Les premiers films de fiction tournés à Calcutta à partir de 1917 étaient des adaptations de pièces de théâtre populaires de style Parsi. Réalisateurs et acteurs sont parfois étrangers, surtout italiens, ce qui donne un aspect de coproduction à Savitri (1923). Bilet Pherat (1923) est une satire sur le penchant des Indiens, éduqués à l’occidentale, à mimer les manières et les valeurs de l’étranger. Taj Mahal Film, une compagnie de Calcutta réalise Andhare Alo (1922) un mélodrame moderne adapté d’un roman du très réputé Saratchandra Chatterjee.
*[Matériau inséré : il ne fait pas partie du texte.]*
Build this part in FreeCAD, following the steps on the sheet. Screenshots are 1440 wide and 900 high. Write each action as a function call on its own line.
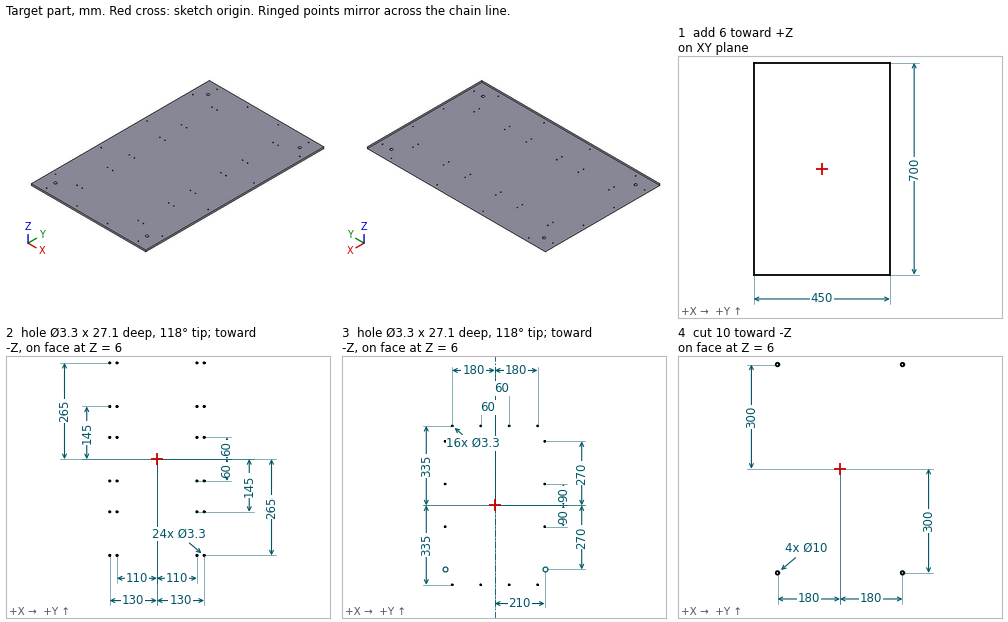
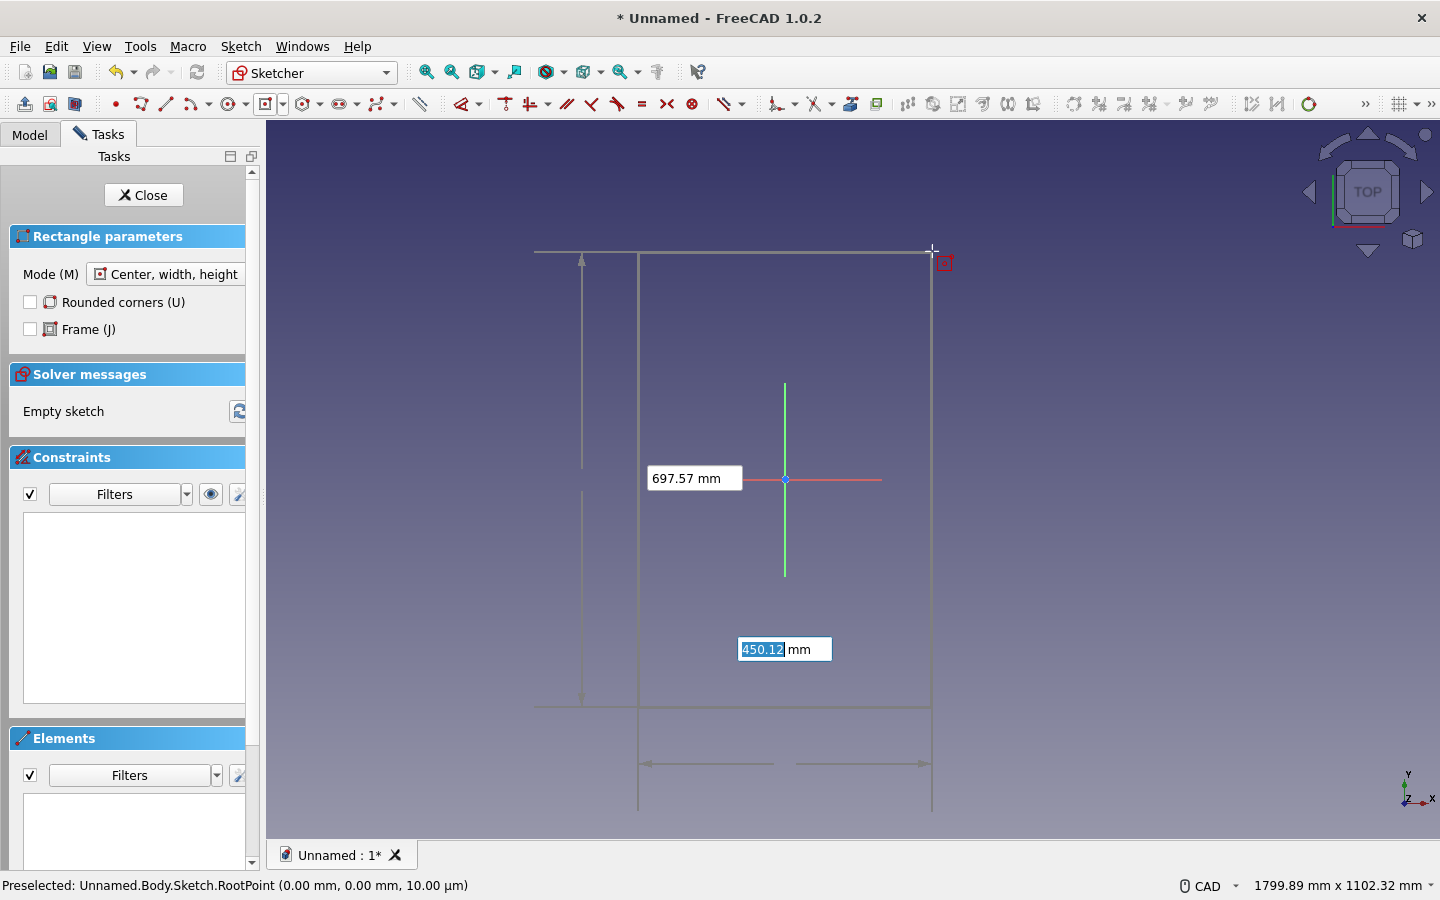
text(450)
key(Tab)
text(700)
key(Return)
key(Escape)

A Madras, c’est un commerçant en pièces détachées qui produit la première fiction, aussi en 1917, suivi par Venkiah et son fils Prakash, contactés par le missionnaire irlandais T. Gavan Duffy pour l’aider à réaliser son film de propagande missionnaire, The Catechist of Kil-Arni (1923). De nombreuses compagnies apparaissent dans la deuxième moitié des années 20.

Bombay domine le pays par son dynamisme et la naissance de Bollywood avec son aspect cosmopolite cultive le phénomène des stars locales. La compagnie la plus importante est Kohinoor qui lance, entre autres, Raja Sandow et Fatma Begum qui furent aussi metteurs en scène. Pour Kohinoor, Rathod réalise Bhakta Vidur (1921) allégorie politique pro-Gandhi déguisé en film mythologique, et qui connut la censure. L’acteur cascadeur Master Vithal était considéré comme le « Douglas Fairbanks indien » dans des adaptations des Mille et une nuits. La compagnie Ranjit en 1929 récupéra la star Gohar de Kohinoor et devint extrêmement prestigieuse à la fin du muet qui fut plus tardive en Inde, comme d’ailleurs au Japon.
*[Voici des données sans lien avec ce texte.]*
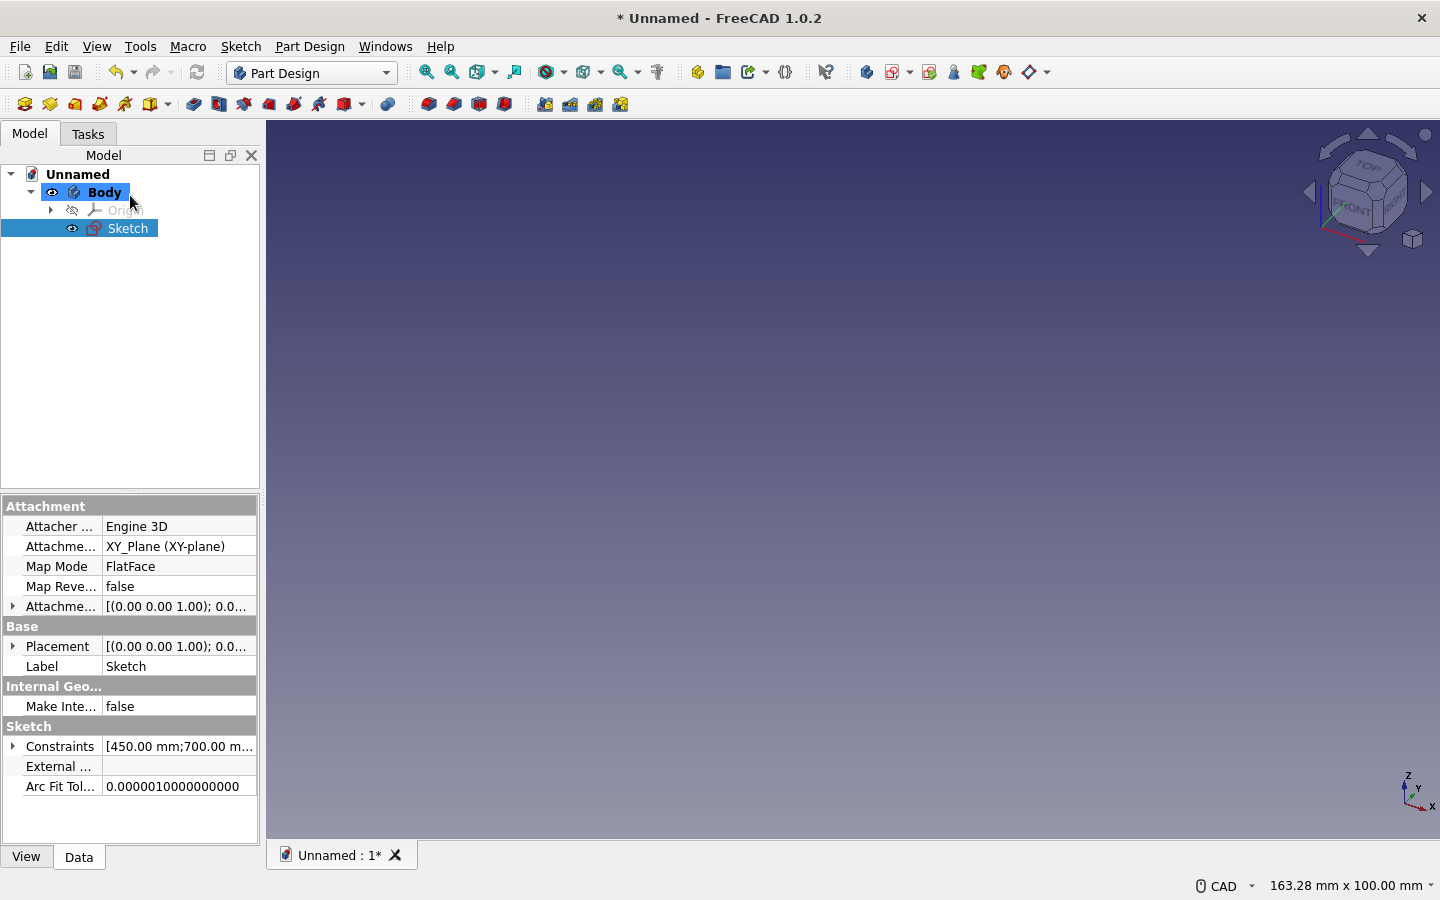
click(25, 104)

Les différents genres étaient les suivants  : mythologique, dévotionnel, social, historique, à costume, cascades, comédie, adaptation littéraire et policier. Une bonne douzaine de compagnies, certaines éphémères, ont produit environ 1300 films muets, jusqu’à une centaine par an en 1926-1927. Parmi les actrices les plus célèbres, on trouvait une femme d’origine juive Sulochana (de son vrai nom Ruby Myers) ou des anglo-indiennes (Patience Cooper). Les producteurs indiens étant plus exigeants avec les exploitants que les distributeurs étrangers, les meilleurs salles des grandes villes étaient réservées pour les films américains, d’ailleurs favorisés par la bonne société. Mais le peuple marquait sa préférence pour le cinéma national malgré les conditions de projection parfois défectueuses et le prix du billet, légèrement supérieur. La censure ne s’exerçait pas vraiment sur les scènes d’amour  mais plutôt sur les allusions politiques jugées dangereuses dans un pays divisé en communautés :  nationalisme explicite et appel à la révolte étaient réprimés. Les intertitres pouvaient être rédigés en quatre langues, dont l’anglais évidemment. Les bonimenteurs en rajoutaient et l’ accompagnement musical était de règle. L’influence d’Hollywood avec des appellations valorisantes comme la « Mary Pickford indienne » ou l’ « Eddie Polo indien » n’a jamais supprimé l’engouement culturel populaire, que ce soit dans les thèmes privilégiés de la grande Tradition ou dans le traitement assez frustre : scènes frontales, adresses aux spectateurs, style théâtral.

Du 19 mars au 6 avril, la Fondation Jérôme Seydoux-Pathé présente, en association avec la National Film Archive of India une rétrospective du cinéma indien muet, avec de nombreux inédits restaurés jamais projetés à Paris ou à Pordenone, même dans le cadre des rétrospectives antérieures. Il s’agit donc d’une occasion rare de découvrir un continent ignoré ou très mal connu du patrimoine au-delà des clichés sur Bollywood véhiculés par les sous-produits contemporains. Si la grande majorité de la production a disparu (et c’est hélas aussi le cas pour les années 30 et 40), les bobines rescapées et quelques films complets donnent tout de même un aperçu non négligeable de cette aspiration collective à l’épopée, à la dévotion et à l’histoire mythique.